When it comes to forecast and previsional, one very basic approach which can do the trick is to use the CAGR, Compound Annual Growth Rate. CAGR is an important concept when it comes to make a sales forecast. CAGR allows to understand pretty quickly what is the general growth trend of any metric.
The CAGR formula on Excel
CAGR fomula on Excel is pretty straightforward to compute. Imagine that you have the following table and want to understand what has been the average growth rate observed between all these years:
Period | Year | Value |
0 | 2015 | 100 |
1 | 2016 | 150 |
2 | 2017 | 210 |
3 | 2018 | 360 |
4 | 2019 | 380 |
5 | 2020 | 399 |
You have 6 values and 5 periods in the example above with as you can see different year over year growth rate.
To get the CAGR between 2015 and 2020, enter the following formula in Excel:
= (399/100)^(1/5) - 1 = 31.8% on average.
The theoretical formula to use on Excel is : = (end value / start value)^(1 / number of period) - 1
Why using the CAGR?
Using the Compound annual growth rate is good in the following use cases:
You need to understand the long trend growth rate.
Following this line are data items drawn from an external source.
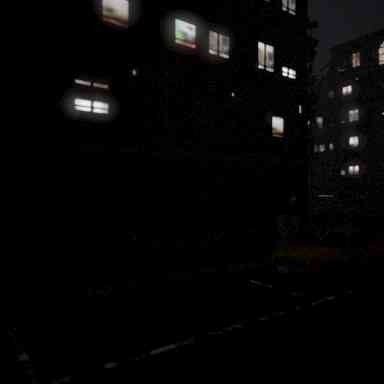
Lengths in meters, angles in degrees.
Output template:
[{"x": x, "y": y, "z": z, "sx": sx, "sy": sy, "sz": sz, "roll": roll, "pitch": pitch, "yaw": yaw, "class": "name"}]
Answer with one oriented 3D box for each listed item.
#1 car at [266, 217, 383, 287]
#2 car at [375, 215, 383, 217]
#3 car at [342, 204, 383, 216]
[{"x": 4.186, "y": 1.610, "z": 9.555, "sx": 4.829, "sy": 1.417, "sz": 1.752, "roll": 1, "pitch": -1, "yaw": -35, "class": "car"}, {"x": 8.937, "y": 1.691, "z": 12.941, "sx": 4.403, "sy": 1.369, "sz": 2.008, "roll": 1, "pitch": -1, "yaw": -35, "class": "car"}, {"x": 18.129, "y": 1.836, "z": 34.452, "sx": 1.752, "sy": 1.417, "sz": 4.829, "roll": -1, "pitch": 0, "yaw": -36, "class": "car"}]

When you have multiple period and year to cover with different year over year or month over month growth rates, you might want just to assess the long term growth rate. What has been the average growth rate observed between the first period and the very last one. Using CAGR can help understanding the underlying trend.
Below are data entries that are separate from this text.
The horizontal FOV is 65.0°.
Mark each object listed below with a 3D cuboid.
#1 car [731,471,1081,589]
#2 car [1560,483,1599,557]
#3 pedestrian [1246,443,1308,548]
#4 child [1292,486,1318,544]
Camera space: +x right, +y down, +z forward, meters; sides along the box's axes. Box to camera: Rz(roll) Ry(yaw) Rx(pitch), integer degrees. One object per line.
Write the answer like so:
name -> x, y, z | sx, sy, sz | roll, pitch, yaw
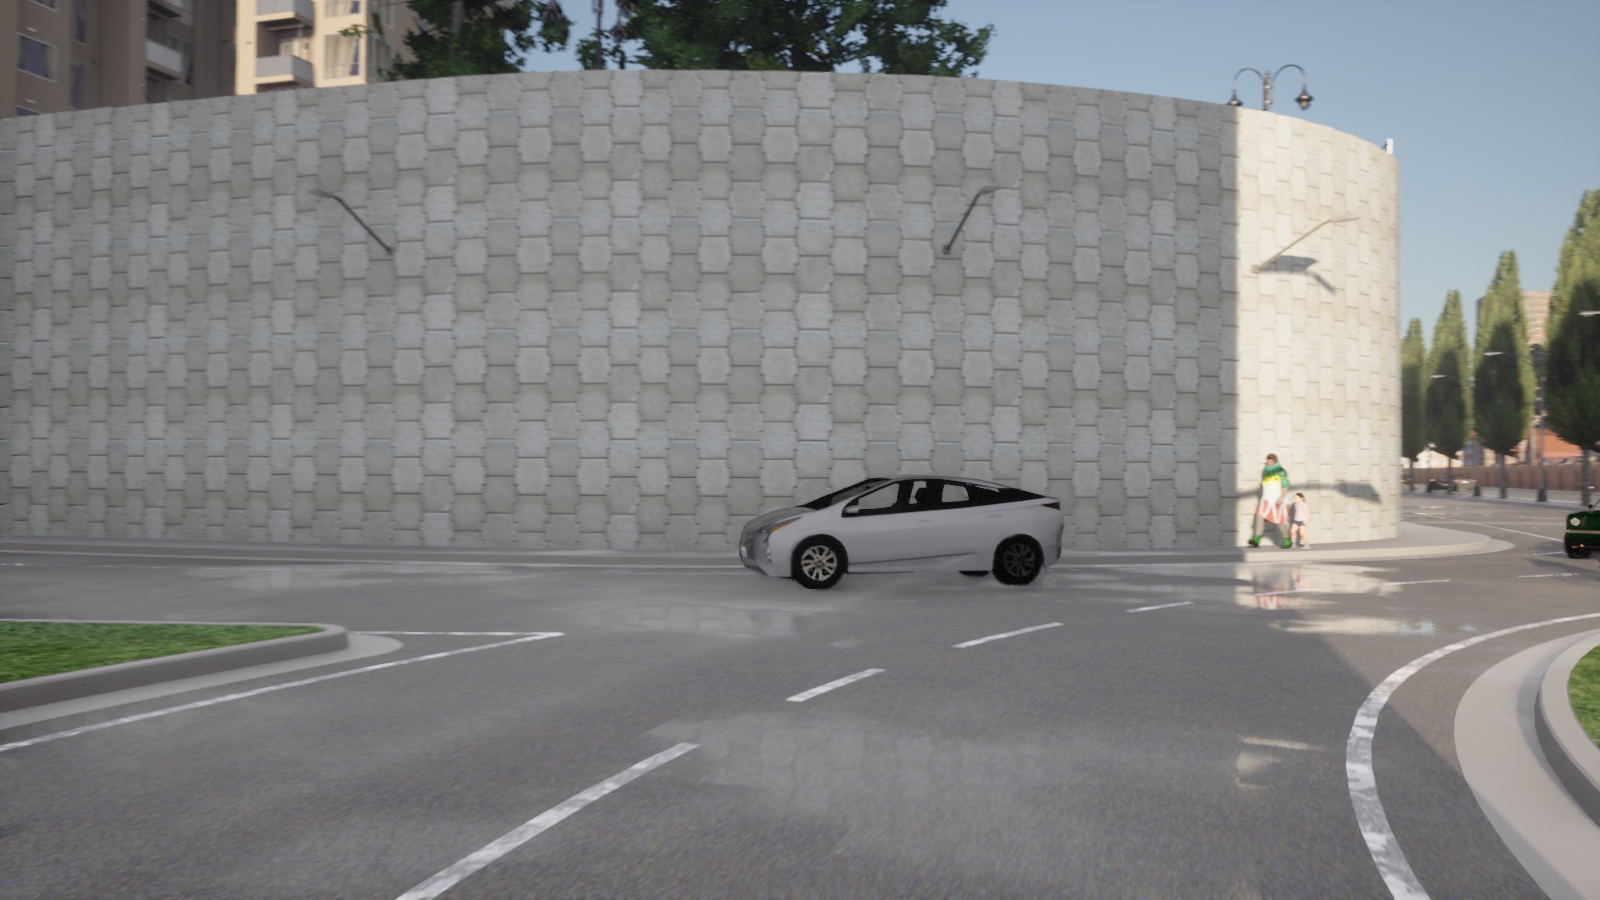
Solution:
car -> 1.425, 1.056, 17.717 | 4.514, 1.525, 2.007 | 0, -1, -13
car -> 16.214, 1.289, 23.927 | 1.895, 1.301, 4.718 | -1, -1, 45
pedestrian -> 9.008, 0.853, 23.721 | 0.873, 1.952, 0.659 | 0, -1, -23
child -> 9.649, 1.236, 23.991 | 0.394, 1.110, 0.255 | 0, -1, -23

You don't have much other information to build a forecast. Sometimes, you need to build quickly a forecast, predict what the sales activity will be. A quick back of the envelope calculation. You might not have a thousands of data points at your disposal to start forecasting. Using the CAGR is then a good way to perform a quick forecast.
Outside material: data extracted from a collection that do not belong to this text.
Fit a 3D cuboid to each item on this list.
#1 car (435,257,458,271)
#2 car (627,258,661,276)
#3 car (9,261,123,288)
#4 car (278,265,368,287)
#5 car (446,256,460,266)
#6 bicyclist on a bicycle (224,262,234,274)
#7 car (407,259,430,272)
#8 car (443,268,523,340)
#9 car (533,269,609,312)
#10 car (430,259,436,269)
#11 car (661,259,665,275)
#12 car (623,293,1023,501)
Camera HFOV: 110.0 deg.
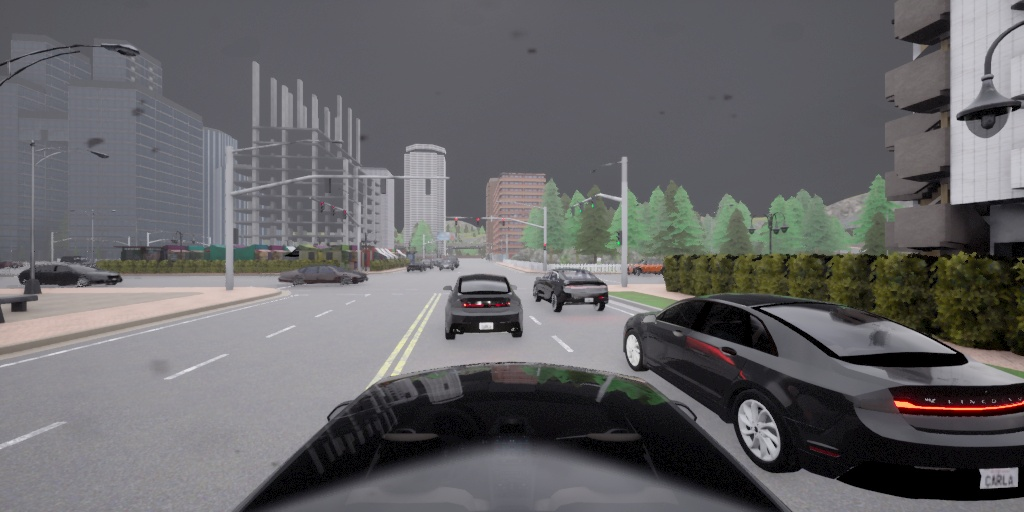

The variation between the years are not huge, meaning the plotted growth curve is pretty linear - hence using the CAGR is fairly accurate. If one year, the growth observed is +30%, then you have +4%, then +16% and -8%, using a CAGR might not be the best approach. The volatility observed between two growth periods is too high for the CAGR to be a good predictive tool. Having such variations in the growth rate means that either the dataset you're trying to forecast is too small to get a pattern emerged or that there are a few of very business activity drivers behind your performance, which are hard by essence to predict.
You don't have much time to invest to deepen the forecast analysis and the CAGR will just be fine for your to use something quickly.
You don't need to use a statistical approach to buid a forecast. Sometimes, you don't need to use a bazooka to hunt bees. A simple reliable method will be ok.